- Theatrical release poster
- Directed by: Nils Gaup
- Screenplay by: Sergio Donati; Lorenzo Donati; Paul Ohl;
- Story by: Gilles Behat; Phillipe Schwartz; Marc Pecas;
- Based on: The North Star 1956 novel by Henry Wilson Allen
- Produced by: Anne Francois
- Starring: James Caan; Christopher Lambert; Catherine McCormack; Burt Young; Jacques Francois;
- Cinematography: Bruno de Keyzer
- Edited by: Kant Pan; Michael A. Hoey;
- Music by: Bruce Rowland
- Production companies: Regency Enterprises; M6; Monarchy Enterprises; Canal+; Eurimages;
- Distributed by: Warner Bros.
- Release date: October 20, 1996 (United States); ^{[citation needed]}
- Running time: 88 minutes
- Country: United States
- Language: English
- Budget: $18 million

= North Star (1996 film) =

1996 film

North Star is a 1996 American Western film starring James Caan, Christopher Lambert and Catherine McCormack. Directed by Nils Gaup, it was written by Sergio Donati and loosely based on Henry Wilson Allen's 1956 Western novel The North Star. Lambert executive produced the film.

==Plot summary==
At the beginning of the Nome Gold Rush in 1899, Sean McLennon, a Scots-Irish-American land baron, owns the majority of property titles surrounding Nome and declares that only American citizens are legally entitled to placer claims. He uses power, influence and nationalism to make local politics and law enforcement work in his favor. Unbeknownst to those outside of McLennon's gang, the original owners of the land were all killed on McLennon's orders.

The gang's latest target, Hudson Santeek narrowly escapes the attempt on his life but not before witnessing McLennon's right-hand thug, Reno murder Santeek's adoptive father - an elderly Athabaskan tribal chief - in cold blood. Santeek, who is half white and half American Indian, had "purchased" his surrogate family's land in a bid to keep miners away.

Santeek returns to Nome to confront McLennon at knifepoint in his bedroom, but Sarah McLennon's young Irish immigrant trophy wife, intervenes at gunpoint; McLennon disarms Santeek and the two engage in a fight. After Santeek floors McLennon, he kidnaps Sarah, steals a dogsled and rides off into the Alaskan wilderness. Without the permission of the local sheriff, McLennon forms a posse and treks out into the tundra to kill Santeek and rescue his wife.
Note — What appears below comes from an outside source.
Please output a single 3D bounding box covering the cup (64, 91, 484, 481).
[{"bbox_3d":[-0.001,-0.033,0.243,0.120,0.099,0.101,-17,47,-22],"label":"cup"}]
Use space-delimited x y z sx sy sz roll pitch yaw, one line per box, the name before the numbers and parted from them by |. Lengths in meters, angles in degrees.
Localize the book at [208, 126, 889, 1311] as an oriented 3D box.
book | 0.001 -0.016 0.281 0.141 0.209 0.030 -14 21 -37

On the course of the journey, Santeek talks to his captive about her husband's murderous property deed scams, but she does not immediately believe him and re-avows her loyalty to her husband. However, when McLennon and his men locate Santeek's cabin hideout and shoot at it indiscriminately, Sarah pleas for her husband not to kill her abductor. McLennon notices that she is wearing a shirt made of animal skin that Santeek had given to her earlier to keep her warm. He erroneously assumes that she betrayed him and had an affair with Santeek. Calling her a "whore," he disowns her and orders his men to continue firing at Santeek's cabin.

Santeek escapes while his pet wolf fatally lunges at the throat of one of the posse gunmen. Santeek's wolf then attacks the gang's sled dogs, but Reno shoots and kills the animal. With no clear objective and unfamiliarity with the freezing, unpredictable terrain, members
of McLennon's posse begin to turn on one another, but McLennon kills the burnouts in his gang and sets out to finish the job he started.
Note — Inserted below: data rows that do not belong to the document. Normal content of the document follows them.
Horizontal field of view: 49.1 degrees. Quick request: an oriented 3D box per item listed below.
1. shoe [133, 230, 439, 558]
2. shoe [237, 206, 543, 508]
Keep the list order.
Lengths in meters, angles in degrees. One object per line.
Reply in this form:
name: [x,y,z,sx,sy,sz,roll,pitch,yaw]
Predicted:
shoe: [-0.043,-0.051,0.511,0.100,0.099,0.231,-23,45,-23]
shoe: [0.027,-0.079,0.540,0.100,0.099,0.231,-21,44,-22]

Meanwhile, back in Nome, Col. Henry Johnson and the U.S. Marshals begin their own investigation of McLennon's land seizures, noticing that all of the original trustees are mysteriously deceased and that Santeek (the most recent disseisee) was witnessed in town alive. On the basis of this discrepancy, the federals declare Martial Law on Nome and accompany the town's top lawman, Sheriff Lamont to bring McLennon and Santeek back for questioning. The enforcers locate McLennon and his gang, but McLennon refuses to obey their orders and the posse shoot Lamont and the other officials to death.
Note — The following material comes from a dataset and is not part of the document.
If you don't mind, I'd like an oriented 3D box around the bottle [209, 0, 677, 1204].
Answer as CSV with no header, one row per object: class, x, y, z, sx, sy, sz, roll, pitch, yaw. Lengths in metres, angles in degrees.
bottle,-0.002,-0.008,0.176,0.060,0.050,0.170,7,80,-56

McLennon and the surviving members of his gang eventually track and corner Santeek in a glacier cave. While Santeek scuffles with Reno, McLennon tips over a wood totem and Reno and Santeek slide down and fall through the sheath of a frozen lake. Reno drowns during the struggle, while Santeek, with his naturalist survival skills, makes it out of the icy water alive.

Once again thinking that Santeek is dead, McLennon returns to Nome alone and conducts another town speech, reaffirming his mining policies to the chagrin of immigrant prospectors and the delight of his cronies. However, Johnson and the U.S. Marshals interrupt the huddle and arrest McLennon for the murder of sheriff Lamont and the other constables. Sarah, McLennon's disillusioned wife, had witnessed the massacre and ultimately informed on him.

Soon after, Santeek returns to town to settle scores with the incarcerated McLennon, but finds the former had escaped from his cell and slit the throats of the jailguards in the process. McLennon breaks into his loft apartment (above the saloon which he had owned) and attempts to kill Sarah for turning on him, but Santeek appears behind McLennon and plunges a dagger into his back.

==Cast==
- James Caan as Sean McLennon
- Christopher Lambert as Hudson Saanteek
- Catherine McCormack as Sarah
- Burt Young as Reno
- Morten Faldaas as Smiley
- Jacques François as Col. Henry Johnson
- Mary M. Walker as Haina
- Renny Hoalona Loren as Cheelik
- Frank Salsedo as Nakki
- Reidar Sørensen as Bjorn Svenson
- Hilde Grythe as Hannah Svenson
- Sverre Anker Ousdal as Lindberg
- Nicholas Hope as Sheriff Lamont
- Frank Krog as Big Tim
- Norman Charles as Tonga

==Production==
Although set in the U.S. state of Alaska, the movie was shot entirely in Norway in Maridalen, Møsvatn, and Orre bach.